§ Data
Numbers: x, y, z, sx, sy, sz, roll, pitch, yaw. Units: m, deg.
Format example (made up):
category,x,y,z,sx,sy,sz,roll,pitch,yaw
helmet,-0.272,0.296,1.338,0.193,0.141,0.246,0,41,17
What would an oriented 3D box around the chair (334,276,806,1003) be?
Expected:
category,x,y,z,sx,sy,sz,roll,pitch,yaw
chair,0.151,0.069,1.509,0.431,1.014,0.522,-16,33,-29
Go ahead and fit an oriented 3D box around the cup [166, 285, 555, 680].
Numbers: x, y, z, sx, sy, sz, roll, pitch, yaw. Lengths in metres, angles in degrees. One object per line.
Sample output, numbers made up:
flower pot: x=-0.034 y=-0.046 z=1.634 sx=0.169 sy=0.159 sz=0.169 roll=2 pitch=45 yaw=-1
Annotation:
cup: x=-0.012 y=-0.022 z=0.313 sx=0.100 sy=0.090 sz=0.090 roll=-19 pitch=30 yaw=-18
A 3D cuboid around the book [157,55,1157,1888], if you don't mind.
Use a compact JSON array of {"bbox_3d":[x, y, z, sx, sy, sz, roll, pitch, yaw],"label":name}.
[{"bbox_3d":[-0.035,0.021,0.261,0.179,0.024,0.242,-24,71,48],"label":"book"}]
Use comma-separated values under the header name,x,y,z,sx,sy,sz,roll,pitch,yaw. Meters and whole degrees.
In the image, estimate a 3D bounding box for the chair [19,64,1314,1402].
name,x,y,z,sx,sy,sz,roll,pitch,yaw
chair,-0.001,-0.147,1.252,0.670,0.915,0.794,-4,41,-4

§ What you have to do
Would you please give back all of the material above exactly as it stands?

§ Solution for this exercise
Numbers: x, y, z, sx, sy, sz, roll, pitch, yaw. Units: m, deg.
Format example (made up):
category,x,y,z,sx,sy,sz,roll,pitch,yaw
helmet,-0.272,0.296,1.338,0.193,0.141,0.246,0,41,17
What would an oriented 3D box around the chair (334,276,806,1003) be?
Expected:
category,x,y,z,sx,sy,sz,roll,pitch,yaw
chair,0.151,0.069,1.509,0.431,1.014,0.522,-16,33,-29
Go ahead and fit an oriented 3D box around the cup [166, 285, 555, 680].
Numbers: x, y, z, sx, sy, sz, roll, pitch, yaw. Lengths in metres, angles in degrees. One object per line.
Sample output, numbers made up:
flower pot: x=-0.034 y=-0.046 z=1.634 sx=0.169 sy=0.159 sz=0.169 roll=2 pitch=45 yaw=-1
Annotation:
cup: x=-0.012 y=-0.022 z=0.313 sx=0.100 sy=0.090 sz=0.090 roll=-19 pitch=30 yaw=-18
A 3D cuboid around the book [157,55,1157,1888], if you don't mind.
Use a compact JSON array of {"bbox_3d":[x, y, z, sx, sy, sz, roll, pitch, yaw],"label":name}.
[{"bbox_3d":[-0.035,0.021,0.261,0.179,0.024,0.242,-24,71,48],"label":"book"}]
Use comma-separated values under the header name,x,y,z,sx,sy,sz,roll,pitch,yaw. Meters and whole degrees.
In the image, estimate a 3D bounding box for the chair [19,64,1314,1402].
name,x,y,z,sx,sy,sz,roll,pitch,yaw
chair,-0.001,-0.147,1.252,0.670,0.915,0.794,-4,41,-4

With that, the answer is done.